Hand colored lithograph of John Wesley preaching on his father’s grave in the church yard at Epworth in 1742. Currier and Ives artwork. Library of Congress.

“John Wesley and Karl Marx, unmistakably, are the two most influential characters of all modern history,” wrote social historian Dr. J. Wesley Bready (1887-1953) in his colorful and intriguing assessment of the ramifications of the theological and spiritual revival in Wesley-era England. Most recently, Regent College republished Bready’s England Before and After Wesley: The Evangelical Revival and Social Reform, originally published in 1938. 

Wesley’s “vital religion” was far more transformative – both individually and societally – than what Marx would have dismissed as the “opiate of the people.” Wesley and his followers addressed issues such as prison reform, education, poverty, health care, human slavery, orphanages, literacy, animal cruelty, and chronic alcoholism. What follows are a few of our favorite excerpts from Bready’s book. –Good News

Passion to be used by God: “Wesley’s supreme purpose was to make men vitally conscious of God. He therefore had no desire to dictate the intellectual niceties associated with the divine work of redemption; rather was he actuated by an impelling passion to be used of God, as a humble but active instrument, in the work of redemption. With prophetic insight he recognized the insidious demons which were luring millions of his countrymen into the tangled labyrinths of moral corruption and spiritual death – and challenging the sway of those demons, he set about to release the victims from their woeful plight. He saw the ecclesiastical machinery of his generation rusty and clogged with dust; he chafed to cleanse it and set it in motion, for the redemption of the general populace. His purpose was not to formulate a new theology or a new theory of Church or State, but to touch dead bones with the breath of spiritual power, and make them live; to release the winds of heaven, that they might blow upon the ashy embers of religion and kindle a purging, illuminating fire of righteousness and truth. He would substitute for the bondage of sin, the liberty, individual and social, of men new-born after the similitude of Christ. He would revive creative, life-giving Faith.”

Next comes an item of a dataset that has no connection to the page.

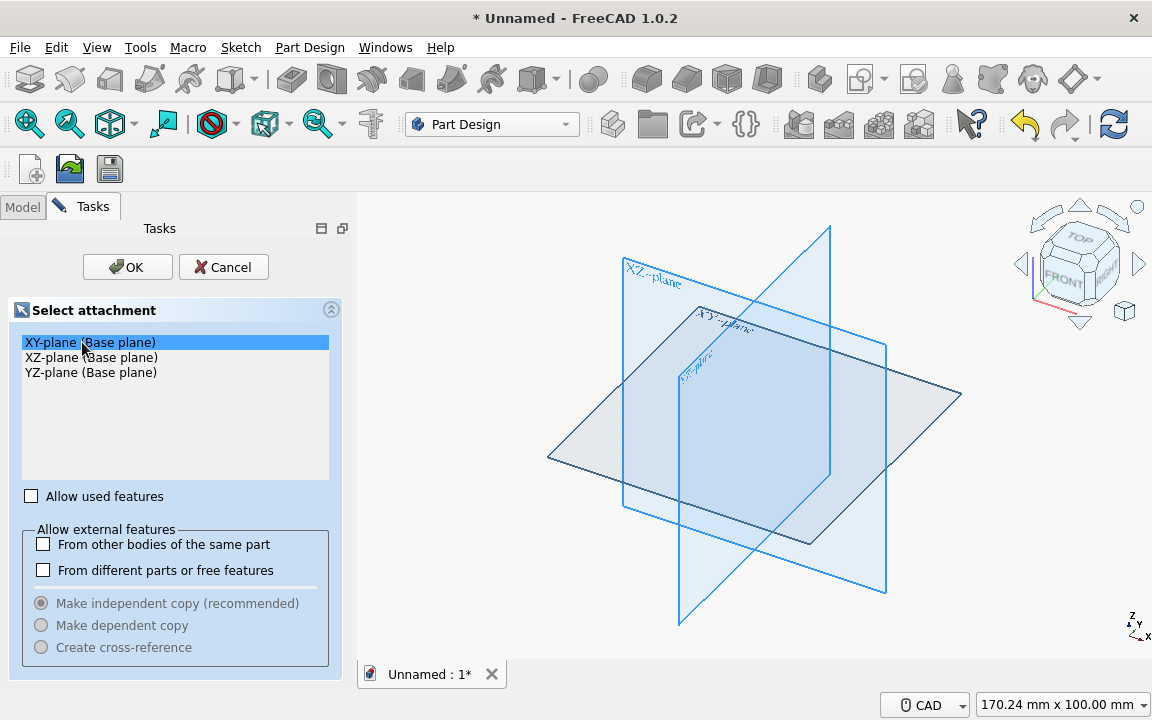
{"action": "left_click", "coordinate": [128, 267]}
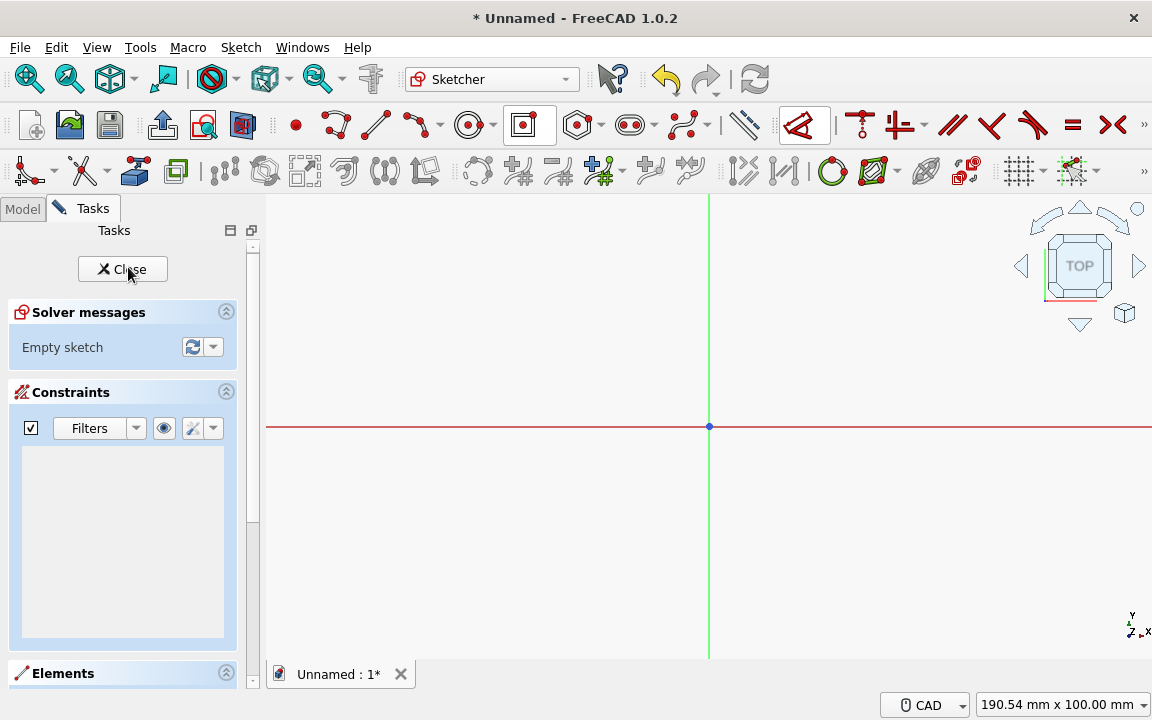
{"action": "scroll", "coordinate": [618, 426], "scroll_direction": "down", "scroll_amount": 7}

Attacking the Revival: “During the first two or three decades of the Revival the ugly, riotous interference of mobs was more or less continuous. On innumerable occasions, the meetings of the Wesleys, Whitefield, and many itinerant preachers were attacked by drunken, brawling rabbles armed with such formidable means of assault as clubs, whips, clods, bricks, staves, stones, stink-bombs, wildfire, and rotten eggs. Sometimes they procured a bull and drove him into the midst of an open air congregation; sometimes they contented themselves by performing with bells, horns, drums, pans and such like, to deaden the preacher’s voice. Frequently, when goaded by a violent leader, they resorted to every available means of attack; and not infrequently they expended their fury in burning or tearing down the houses, and destroying or stealing the furniture and possessions, of the Revival’s followers.”

Amazing grace: “Wesley, the Evangelist, was a man possessed of amazing grace. Never did he lose his temper; and always was he prepared to endure a blow, if the dealing of it would relieve the hysteria of his assailant. Repeatedly, when struck by a stone or cudgel, he quietly wiped away the blood and went on preaching without so much as a frown on his face. He loved his enemies; and do what they would, they could not make him discourteous or angry. … In danger, Wesley had taught his followers to think of the Christ before Pilate, of the Son of God before a raging, crucifying mob. Thus it was, that Wesley’s serenity first broke, and later won, the heart of many a mob-leader and ruthless enemy – thus it was, too, that many a one-time brute came to be transformed into a gentle, saintly class-leader and understanding shepherd of souls.”    

J. Wesley Bready Ph.D. was a noted sociologist, lecturer, and scholar. These excerpts are from his book Before and After Wesley: The Evangelical Revival and Social Reform (the original edition was published in 1938).